Thursday, 13 September 2012

Installing archivematica ...and running out of memory

For a couple of months now I have been intending to install archivematica and test it out. Described as a "free and open-source digital preservation system that is designed to maintain standards-based, long-term access to collections of digital objects", this sounds like it could be a great starting point for establishing a digital archive here at the Borthwick Institute. Also strongly in its favour from my perspective is the fact that it is compatible with the Open Archival Information System (OAIS) reference model and supports metadata standards such as PREMIS and Dublin Core.

Though I have had a passing interest in this software for some time, in my previous job at the Archaeology Data Service we had a long established digital archive with preservation systems and migration pathways already in place. Setting up archivematica in such a way to interface with our existing processes and procedures there may not have been an easy. Here in the Borthwick Institute we are starting from scratch with digital preservation which in some ways gives us more freedom to make use of some of the new and exciting tools that are being developed in this area. What we need to be able to interface with here are existing systems for cataloguing and providing access to traditional analogue archives. One thing that attracted me to archivematica was the way in which it can work alongside ICA's AtoM. This is a system that supports archival description and can be used by traditional archives to catalogue their holdings and make their catalogues searchable on-line. This is another tool we will be investigating in the not too distant future.

So, to cut a long story short, this morning I set about downloading and installing Oracle VirtualBox and setting up archivematica as a virtual appliance. This all seemed to go quite smoothly despite all the warning messages about non-verified software (all above board according to the installation guide). The only problem was, when I tried to run archivematica and test it out I was disappointed to find I couldn't get past the login screen as there was not enough available memory to continue.

I will try again once my PC has been upgraded so watch this space.

In the meantime I would be really interested to hear from anyone else in the UK who is using both archivematica and ICA AtoM. It would be great to be able to see a real life example of how they work together.

Wednesday, 12 September 2012

First steps for securing digital media within an analogue archive

Isn't it a happy day when a new report on digital preservation appears in your in-box at just the right time?
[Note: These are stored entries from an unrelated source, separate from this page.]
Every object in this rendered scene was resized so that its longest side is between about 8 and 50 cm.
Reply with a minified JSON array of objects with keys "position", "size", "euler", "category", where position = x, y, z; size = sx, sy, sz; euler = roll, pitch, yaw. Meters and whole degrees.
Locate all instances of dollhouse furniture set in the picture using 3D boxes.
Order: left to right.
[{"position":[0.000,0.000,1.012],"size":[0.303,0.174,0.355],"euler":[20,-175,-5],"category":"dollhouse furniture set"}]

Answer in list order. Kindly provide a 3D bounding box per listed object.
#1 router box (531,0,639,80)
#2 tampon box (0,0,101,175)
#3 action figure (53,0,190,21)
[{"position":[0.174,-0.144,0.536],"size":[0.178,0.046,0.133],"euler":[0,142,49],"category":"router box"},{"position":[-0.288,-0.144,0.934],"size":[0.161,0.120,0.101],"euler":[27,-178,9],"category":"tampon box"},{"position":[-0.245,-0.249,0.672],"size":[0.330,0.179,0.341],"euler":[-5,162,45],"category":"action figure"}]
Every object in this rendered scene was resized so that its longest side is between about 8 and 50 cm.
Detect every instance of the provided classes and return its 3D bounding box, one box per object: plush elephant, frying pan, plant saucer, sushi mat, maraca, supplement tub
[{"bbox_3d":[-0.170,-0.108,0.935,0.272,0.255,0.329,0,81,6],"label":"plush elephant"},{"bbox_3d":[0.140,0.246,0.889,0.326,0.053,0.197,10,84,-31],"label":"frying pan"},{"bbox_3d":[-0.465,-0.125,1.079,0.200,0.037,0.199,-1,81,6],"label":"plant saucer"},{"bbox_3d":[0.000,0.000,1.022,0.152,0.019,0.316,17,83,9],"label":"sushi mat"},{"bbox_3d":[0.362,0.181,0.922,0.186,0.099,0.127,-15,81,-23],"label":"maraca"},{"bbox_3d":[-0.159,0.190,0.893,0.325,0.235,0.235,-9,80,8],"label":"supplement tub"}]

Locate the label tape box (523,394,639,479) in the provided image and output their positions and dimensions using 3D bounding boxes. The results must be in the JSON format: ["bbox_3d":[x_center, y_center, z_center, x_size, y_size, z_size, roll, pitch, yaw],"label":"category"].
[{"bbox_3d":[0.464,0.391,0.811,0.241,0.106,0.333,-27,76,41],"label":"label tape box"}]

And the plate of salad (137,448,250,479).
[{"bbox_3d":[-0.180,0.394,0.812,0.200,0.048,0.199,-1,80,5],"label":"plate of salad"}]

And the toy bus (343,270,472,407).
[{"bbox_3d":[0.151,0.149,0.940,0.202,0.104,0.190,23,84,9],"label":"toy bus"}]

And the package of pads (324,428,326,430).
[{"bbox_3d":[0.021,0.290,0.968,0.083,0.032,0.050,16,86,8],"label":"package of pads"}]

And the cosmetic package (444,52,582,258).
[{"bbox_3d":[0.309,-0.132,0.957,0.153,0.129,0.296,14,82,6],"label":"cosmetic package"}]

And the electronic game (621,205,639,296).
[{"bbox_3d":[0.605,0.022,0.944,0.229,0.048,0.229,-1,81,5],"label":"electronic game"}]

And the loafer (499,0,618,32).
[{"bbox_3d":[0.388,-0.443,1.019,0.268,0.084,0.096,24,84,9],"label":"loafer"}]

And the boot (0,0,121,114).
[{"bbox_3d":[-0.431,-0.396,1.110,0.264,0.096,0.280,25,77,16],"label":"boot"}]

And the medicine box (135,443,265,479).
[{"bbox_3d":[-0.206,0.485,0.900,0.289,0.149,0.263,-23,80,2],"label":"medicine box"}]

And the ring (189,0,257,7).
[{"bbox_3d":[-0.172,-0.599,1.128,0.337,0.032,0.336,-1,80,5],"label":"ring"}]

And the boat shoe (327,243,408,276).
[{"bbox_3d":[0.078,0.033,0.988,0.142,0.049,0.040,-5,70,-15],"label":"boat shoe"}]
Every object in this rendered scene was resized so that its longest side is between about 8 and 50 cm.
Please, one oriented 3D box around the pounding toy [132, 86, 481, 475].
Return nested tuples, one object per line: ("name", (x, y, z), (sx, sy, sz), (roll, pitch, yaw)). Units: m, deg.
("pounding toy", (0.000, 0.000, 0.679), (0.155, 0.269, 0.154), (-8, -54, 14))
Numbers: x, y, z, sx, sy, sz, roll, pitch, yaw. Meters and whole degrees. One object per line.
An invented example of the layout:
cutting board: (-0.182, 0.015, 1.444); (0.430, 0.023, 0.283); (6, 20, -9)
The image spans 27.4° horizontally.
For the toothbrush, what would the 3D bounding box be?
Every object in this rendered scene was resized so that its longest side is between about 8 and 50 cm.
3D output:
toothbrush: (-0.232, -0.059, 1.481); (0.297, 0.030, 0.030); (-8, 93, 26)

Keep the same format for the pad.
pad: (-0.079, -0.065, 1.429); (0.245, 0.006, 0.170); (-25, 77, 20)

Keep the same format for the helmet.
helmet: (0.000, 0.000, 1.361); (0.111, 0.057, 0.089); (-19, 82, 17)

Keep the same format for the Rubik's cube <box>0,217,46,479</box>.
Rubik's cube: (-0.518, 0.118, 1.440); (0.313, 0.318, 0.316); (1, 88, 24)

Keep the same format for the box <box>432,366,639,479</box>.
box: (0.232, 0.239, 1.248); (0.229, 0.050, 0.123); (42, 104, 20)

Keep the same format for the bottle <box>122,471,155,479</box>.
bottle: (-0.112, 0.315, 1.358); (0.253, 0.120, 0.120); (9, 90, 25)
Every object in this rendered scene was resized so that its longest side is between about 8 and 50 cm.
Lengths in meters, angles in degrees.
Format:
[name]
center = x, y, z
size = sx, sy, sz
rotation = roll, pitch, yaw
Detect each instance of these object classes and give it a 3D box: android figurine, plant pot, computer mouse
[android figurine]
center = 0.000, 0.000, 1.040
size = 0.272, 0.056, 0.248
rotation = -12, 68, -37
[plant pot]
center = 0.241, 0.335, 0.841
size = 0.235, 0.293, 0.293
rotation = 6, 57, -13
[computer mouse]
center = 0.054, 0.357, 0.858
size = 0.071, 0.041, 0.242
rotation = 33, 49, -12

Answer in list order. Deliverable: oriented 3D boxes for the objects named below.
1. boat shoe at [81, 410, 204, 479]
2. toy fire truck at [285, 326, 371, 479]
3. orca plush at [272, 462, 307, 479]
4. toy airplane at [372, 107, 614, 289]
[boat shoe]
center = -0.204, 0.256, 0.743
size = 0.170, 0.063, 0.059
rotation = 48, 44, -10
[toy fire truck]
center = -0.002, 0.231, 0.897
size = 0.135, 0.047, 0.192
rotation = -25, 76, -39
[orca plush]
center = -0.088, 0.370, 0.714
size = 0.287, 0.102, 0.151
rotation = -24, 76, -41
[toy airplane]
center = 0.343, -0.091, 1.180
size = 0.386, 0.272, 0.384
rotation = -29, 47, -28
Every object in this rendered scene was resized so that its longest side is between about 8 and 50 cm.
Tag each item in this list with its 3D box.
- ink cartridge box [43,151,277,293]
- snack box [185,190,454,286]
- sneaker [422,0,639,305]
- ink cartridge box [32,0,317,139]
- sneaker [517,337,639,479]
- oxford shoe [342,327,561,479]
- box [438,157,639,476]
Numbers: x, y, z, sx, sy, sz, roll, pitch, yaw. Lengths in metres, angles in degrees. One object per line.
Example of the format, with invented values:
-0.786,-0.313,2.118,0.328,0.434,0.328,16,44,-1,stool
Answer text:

The following report from OCLC is just one of these. I have been in the new post as Digital Archivist for the Borthwick Institute for Archives for 3 months now and had been thinking about what to do with the digital material that is buried deep in the strongrooms of our building.

You've Got to Walk Before You Can Run: First Steps for Managing Born-Digital Content Received on Physical Media by Ricky Erway, OCLC Research

This report describes a simple but straightforward set of steps for locating and securing digital media that exist in a traditional analogue archive. It works on the premis that doing something now is far better than waiting until a more complete digital preservation solution is available. By simply locating the digital media, copying it to a more secure storage area and establishing what we have, we can instantly gain some level of control over our digital holdings. This will put us in a far stronger position for preserving these into the future.

I am currently creating a methodology based on this report and with reference also to the University of Hull's accessioning workflows described in the AIMS project white paper. Once this methodology has been agreed internally we can start work on this digital 'rescue' mission. I for one am very much looking forward to finding out what we have!